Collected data
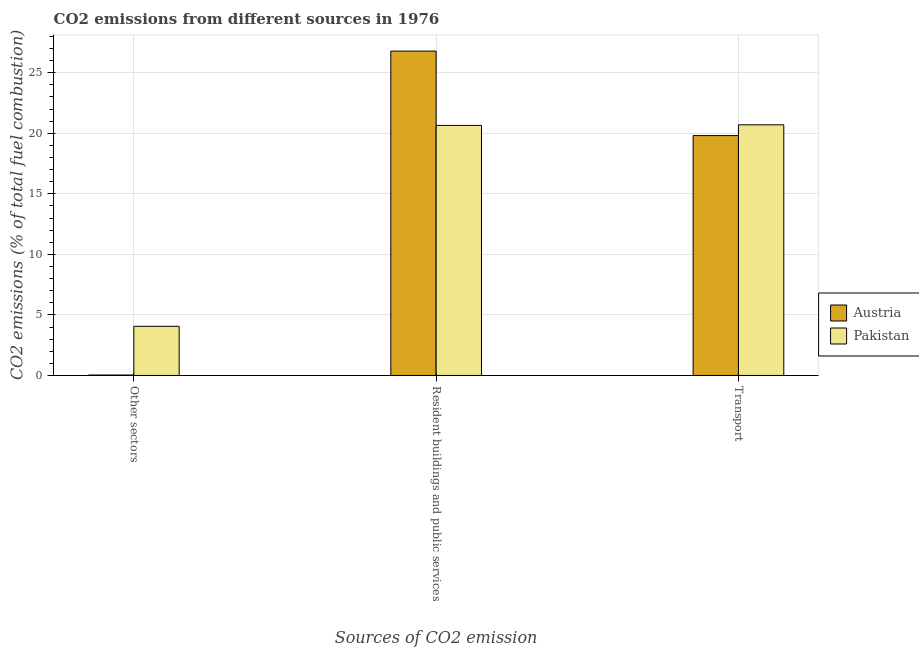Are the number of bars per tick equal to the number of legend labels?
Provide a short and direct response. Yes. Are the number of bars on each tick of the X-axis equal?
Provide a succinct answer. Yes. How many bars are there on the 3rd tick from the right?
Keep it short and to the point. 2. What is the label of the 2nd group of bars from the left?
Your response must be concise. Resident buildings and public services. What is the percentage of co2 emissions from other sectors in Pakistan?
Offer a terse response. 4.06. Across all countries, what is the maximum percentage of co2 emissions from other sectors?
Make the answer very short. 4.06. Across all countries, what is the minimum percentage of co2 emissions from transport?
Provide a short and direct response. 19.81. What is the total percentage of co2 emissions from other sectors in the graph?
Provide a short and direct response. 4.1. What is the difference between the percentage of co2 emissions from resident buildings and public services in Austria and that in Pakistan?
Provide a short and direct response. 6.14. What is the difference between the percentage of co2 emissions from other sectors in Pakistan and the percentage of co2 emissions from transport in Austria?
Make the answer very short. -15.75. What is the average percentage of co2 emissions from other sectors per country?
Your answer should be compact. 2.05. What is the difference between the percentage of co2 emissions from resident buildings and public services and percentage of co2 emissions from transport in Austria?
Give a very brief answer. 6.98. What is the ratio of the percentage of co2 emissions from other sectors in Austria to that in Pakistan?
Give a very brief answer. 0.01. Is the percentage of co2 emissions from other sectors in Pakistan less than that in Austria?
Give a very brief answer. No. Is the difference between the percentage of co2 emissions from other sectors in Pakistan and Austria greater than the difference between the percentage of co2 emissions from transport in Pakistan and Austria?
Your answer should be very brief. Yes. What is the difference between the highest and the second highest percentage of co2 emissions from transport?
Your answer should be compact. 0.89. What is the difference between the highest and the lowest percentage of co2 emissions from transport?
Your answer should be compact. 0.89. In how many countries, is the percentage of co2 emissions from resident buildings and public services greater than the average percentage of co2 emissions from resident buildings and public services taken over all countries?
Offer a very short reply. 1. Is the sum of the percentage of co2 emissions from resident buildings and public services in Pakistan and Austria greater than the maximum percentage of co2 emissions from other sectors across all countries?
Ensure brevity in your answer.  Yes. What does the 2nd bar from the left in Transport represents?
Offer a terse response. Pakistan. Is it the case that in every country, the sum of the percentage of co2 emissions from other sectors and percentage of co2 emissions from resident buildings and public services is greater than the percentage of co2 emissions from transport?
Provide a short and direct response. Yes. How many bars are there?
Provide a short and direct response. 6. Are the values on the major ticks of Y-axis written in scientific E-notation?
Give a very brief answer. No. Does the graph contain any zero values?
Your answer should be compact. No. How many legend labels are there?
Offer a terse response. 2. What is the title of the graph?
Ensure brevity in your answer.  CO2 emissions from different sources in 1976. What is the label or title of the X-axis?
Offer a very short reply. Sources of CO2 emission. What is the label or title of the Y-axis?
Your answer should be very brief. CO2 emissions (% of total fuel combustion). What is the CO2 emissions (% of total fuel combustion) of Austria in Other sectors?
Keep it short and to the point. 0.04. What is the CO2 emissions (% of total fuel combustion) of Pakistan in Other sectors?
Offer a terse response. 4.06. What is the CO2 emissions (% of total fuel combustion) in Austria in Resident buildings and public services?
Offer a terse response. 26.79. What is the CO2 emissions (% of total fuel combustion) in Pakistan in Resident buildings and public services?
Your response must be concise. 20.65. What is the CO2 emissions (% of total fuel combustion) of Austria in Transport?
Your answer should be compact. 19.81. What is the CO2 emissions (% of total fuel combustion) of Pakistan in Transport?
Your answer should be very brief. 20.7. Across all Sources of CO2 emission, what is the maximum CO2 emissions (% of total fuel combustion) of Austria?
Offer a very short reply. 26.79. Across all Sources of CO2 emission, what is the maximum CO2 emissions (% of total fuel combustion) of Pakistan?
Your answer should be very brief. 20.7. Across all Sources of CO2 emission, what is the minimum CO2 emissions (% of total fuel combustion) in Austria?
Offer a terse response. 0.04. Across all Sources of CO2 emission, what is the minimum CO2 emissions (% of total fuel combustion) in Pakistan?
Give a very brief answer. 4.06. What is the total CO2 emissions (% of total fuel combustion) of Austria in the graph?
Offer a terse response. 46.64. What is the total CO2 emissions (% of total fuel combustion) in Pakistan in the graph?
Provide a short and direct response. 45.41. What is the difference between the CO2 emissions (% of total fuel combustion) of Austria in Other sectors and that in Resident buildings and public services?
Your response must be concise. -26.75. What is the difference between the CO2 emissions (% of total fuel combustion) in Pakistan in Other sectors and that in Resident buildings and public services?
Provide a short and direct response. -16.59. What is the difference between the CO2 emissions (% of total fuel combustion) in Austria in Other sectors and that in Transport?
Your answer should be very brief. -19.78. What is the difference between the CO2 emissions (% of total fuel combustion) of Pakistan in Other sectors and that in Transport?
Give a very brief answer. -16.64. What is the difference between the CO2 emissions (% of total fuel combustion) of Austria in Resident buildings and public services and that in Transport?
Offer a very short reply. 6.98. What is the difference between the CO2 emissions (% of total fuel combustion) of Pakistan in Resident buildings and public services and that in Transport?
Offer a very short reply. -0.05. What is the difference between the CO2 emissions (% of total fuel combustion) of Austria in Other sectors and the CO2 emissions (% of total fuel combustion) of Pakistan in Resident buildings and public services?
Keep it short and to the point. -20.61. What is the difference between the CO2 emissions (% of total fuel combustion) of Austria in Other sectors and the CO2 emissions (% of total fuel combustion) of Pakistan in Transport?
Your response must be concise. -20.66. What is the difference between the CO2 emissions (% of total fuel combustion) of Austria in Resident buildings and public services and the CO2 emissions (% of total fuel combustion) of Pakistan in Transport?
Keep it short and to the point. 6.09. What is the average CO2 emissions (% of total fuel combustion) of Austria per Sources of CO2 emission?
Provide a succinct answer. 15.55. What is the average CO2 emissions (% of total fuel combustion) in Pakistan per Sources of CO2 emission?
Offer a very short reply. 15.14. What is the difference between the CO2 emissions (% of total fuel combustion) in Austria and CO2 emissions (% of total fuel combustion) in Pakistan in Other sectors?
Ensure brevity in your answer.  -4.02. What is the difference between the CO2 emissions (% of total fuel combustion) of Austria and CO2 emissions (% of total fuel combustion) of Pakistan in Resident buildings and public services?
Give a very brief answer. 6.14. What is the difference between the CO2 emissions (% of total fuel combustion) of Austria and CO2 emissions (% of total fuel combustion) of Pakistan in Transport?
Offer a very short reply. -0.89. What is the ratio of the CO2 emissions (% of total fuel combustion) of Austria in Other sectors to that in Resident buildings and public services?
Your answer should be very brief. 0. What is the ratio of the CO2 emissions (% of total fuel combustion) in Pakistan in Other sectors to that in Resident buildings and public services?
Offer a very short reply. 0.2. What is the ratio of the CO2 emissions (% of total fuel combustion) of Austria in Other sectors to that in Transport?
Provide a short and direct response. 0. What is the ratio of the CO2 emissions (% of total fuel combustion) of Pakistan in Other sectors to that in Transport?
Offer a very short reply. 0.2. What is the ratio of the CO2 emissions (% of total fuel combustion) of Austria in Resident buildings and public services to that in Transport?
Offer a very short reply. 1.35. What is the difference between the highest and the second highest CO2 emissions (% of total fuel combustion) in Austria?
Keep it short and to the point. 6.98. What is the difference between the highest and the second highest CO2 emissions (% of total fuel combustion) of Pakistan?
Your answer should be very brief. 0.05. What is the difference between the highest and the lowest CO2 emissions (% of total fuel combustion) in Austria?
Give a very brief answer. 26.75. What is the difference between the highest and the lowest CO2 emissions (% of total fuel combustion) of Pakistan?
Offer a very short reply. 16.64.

Work to be completed - Every line above that holds the string "there" should be returned.

Result for this exercise -
Provide a succinct answer. Yes. How many bars are there on the 3rd tick from the right?
Provide a short and direct response. Yes. How many bars are there?
Your answer should be compact. No. How many legend labels are there?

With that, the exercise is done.